Автор этих строк в качестве примера заимствования русскими мастерами греческой мелодии в раннем своем труде привел напевы блаженны четвертого гласа – ее русского “греческого” и подлинно греческого вариантов (Игошев, с.148-149). Но необходимо отметить, что в тех же источниках имеются и другие примеры греческих напевов – с увеличенной секундой (см., например, блаженну первого гласа: РГБ, Греч. 200, л. 10). Не только в напеве данного песнопения (русским “греческим” роспевом), но и во всем нашем греческом роспеве невозможно найти ничего похожего. Увеличенная секунда не была воспринята русской музыкальной традицией – и тут не помог никакой авторитет Византии. Поэтому из греческого пения русские люди взяли только то, что было им близко – строгую четкость лада, пол преимуществу мажорного – то, что, по авторитетному определению Н. Д. Успенского, наиболее ценилось в русской музыкальной культуре XVII века вообще. Естественно, что при этом были преувеличены и четкость лада греческих песнопений, и особенно их мажорная наклонность. И в греческом роспеве удерживалось из греческого пения то, что было наиболее близко русским людям.
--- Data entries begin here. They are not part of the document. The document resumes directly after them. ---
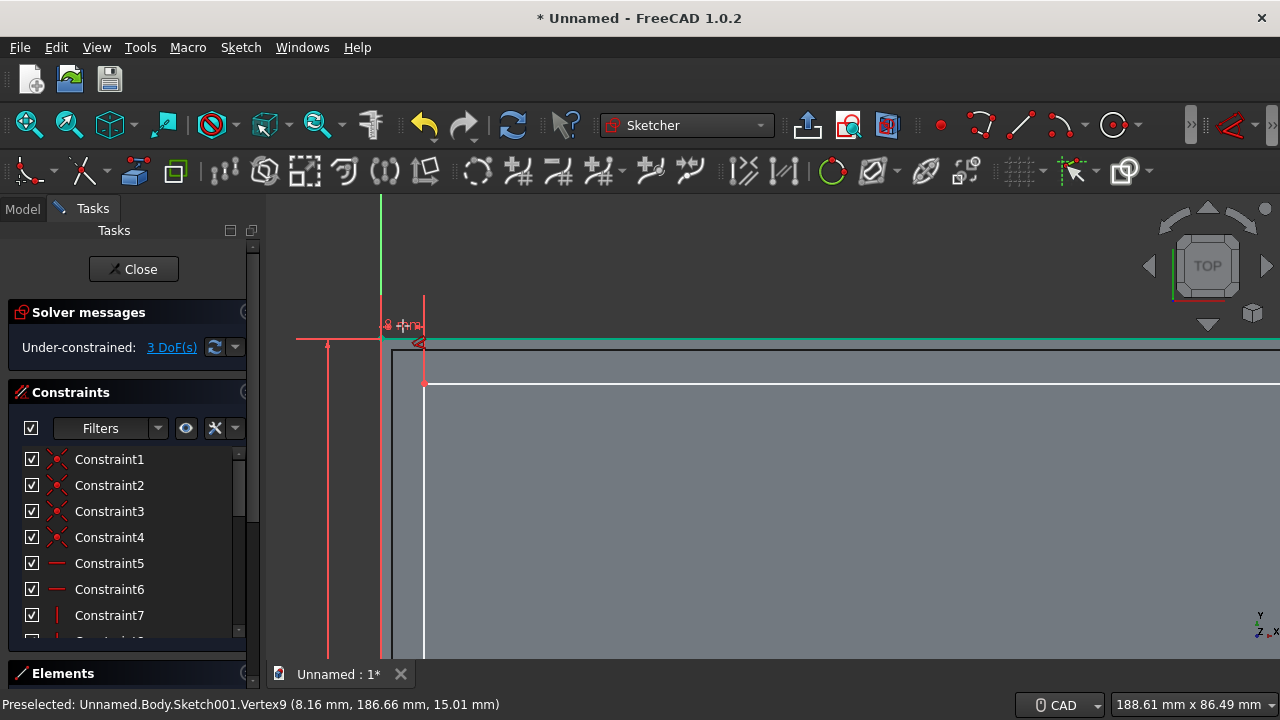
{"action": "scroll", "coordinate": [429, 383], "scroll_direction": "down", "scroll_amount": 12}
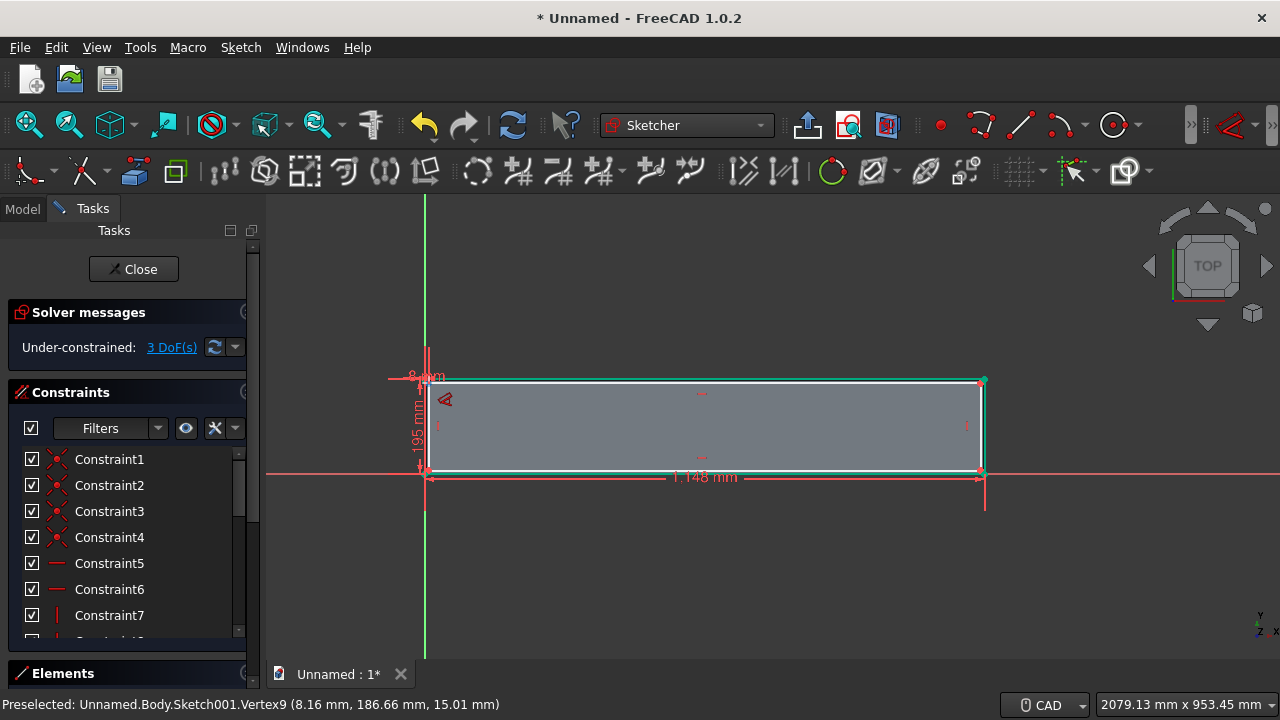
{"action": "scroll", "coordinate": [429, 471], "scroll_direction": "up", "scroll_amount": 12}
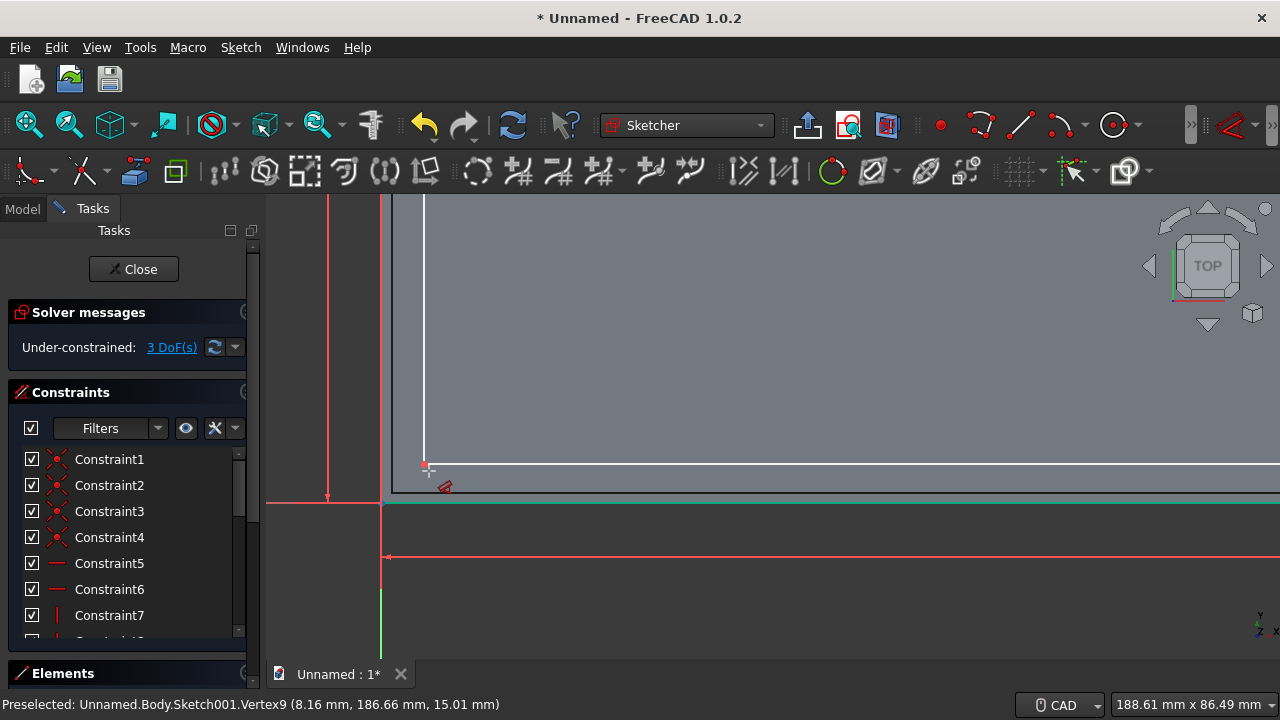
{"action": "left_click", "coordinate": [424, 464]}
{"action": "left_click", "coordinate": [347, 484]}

Необходимо отметить и другое. Мы уже говорили о более плавной мелодике гласовых греческих напевов, записывавшихся начиная с XIV века. Очевидно, это плавное движение также пришлось по душе русским людям. И – в итоге – многое из греческого пения прижилось на Руси. Живет и до сего дня; ирмосы третьего гласа исполняются в наших храмах именно греческим роспевом – или его сокращенным вариантом.

 

СПИСОК ПЕЧАТНЫХ ИСТОЧНИКОВ

Динев, П. Църковно-певчески сборник. Част втора. София, 1950.

Игошев Л. А. Происхождение греческого роспева (опыт анализа). – В сб.: Памятники культуры. Новые открытия. 1992. М., 1994, с. 147-150.
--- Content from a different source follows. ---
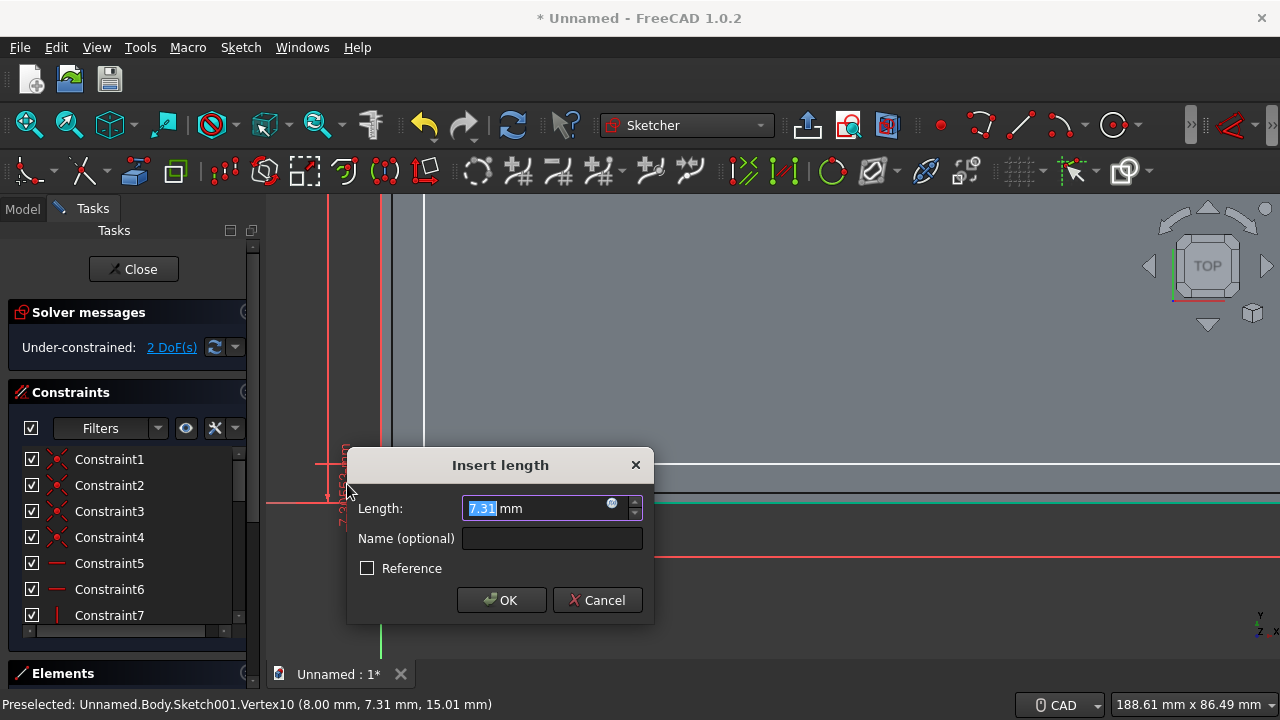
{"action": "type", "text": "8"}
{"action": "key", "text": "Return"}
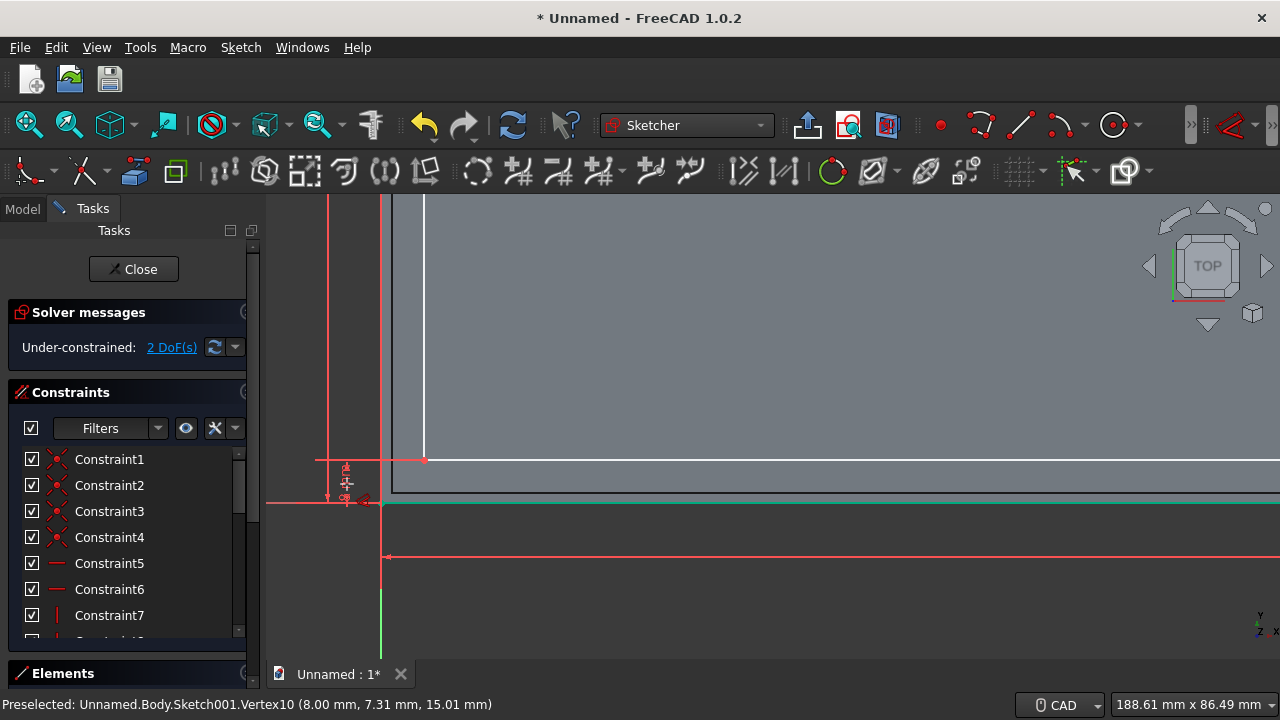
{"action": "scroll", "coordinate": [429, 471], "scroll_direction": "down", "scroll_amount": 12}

Обиход нотнаго пения. М., 1772.

Обиход сокращенный нотнаго пения. М., 1778.

Потулов, Н. М. Руководство к практическому изучению древнего Богослужебного пения православной Российской церкви. Издание второе. М., 1875.

Пэрриш К., Оул Дж. Образцы музыкальных форм от григорианского хорала до Баха. Л., 1975.

Субботин Н. И. Дело патриарха Никона. М., 1862.

Успенский Н. Д. Древнерусское певческое искусство. М., 1971.

Dragoumis, M. Ph. The Survival of Byzantine Chant in the Monophonic Music of the Modern Greek Church. – In: Studies in Eastern Chant. I. London, 1966.

Petresco I. D. Etudes de la musique byzantine. Bucarest, 1967 (1968).

Wellesz, E. A History of Byzantine Music and Hymnography. Oxford, 1961.

СПИСОК РУКОПИСНЫХ ИСТОЧНИКОВ

РГБ, Греч. 200 (XVI век).

РГБ, ф. Севастьянова, II, № 38 (XVIII век).

ГИМ, Син. певч. собр. № 158 (XVIII век).

ГИМ, Син. певч. собр. № 1207 (XVII век).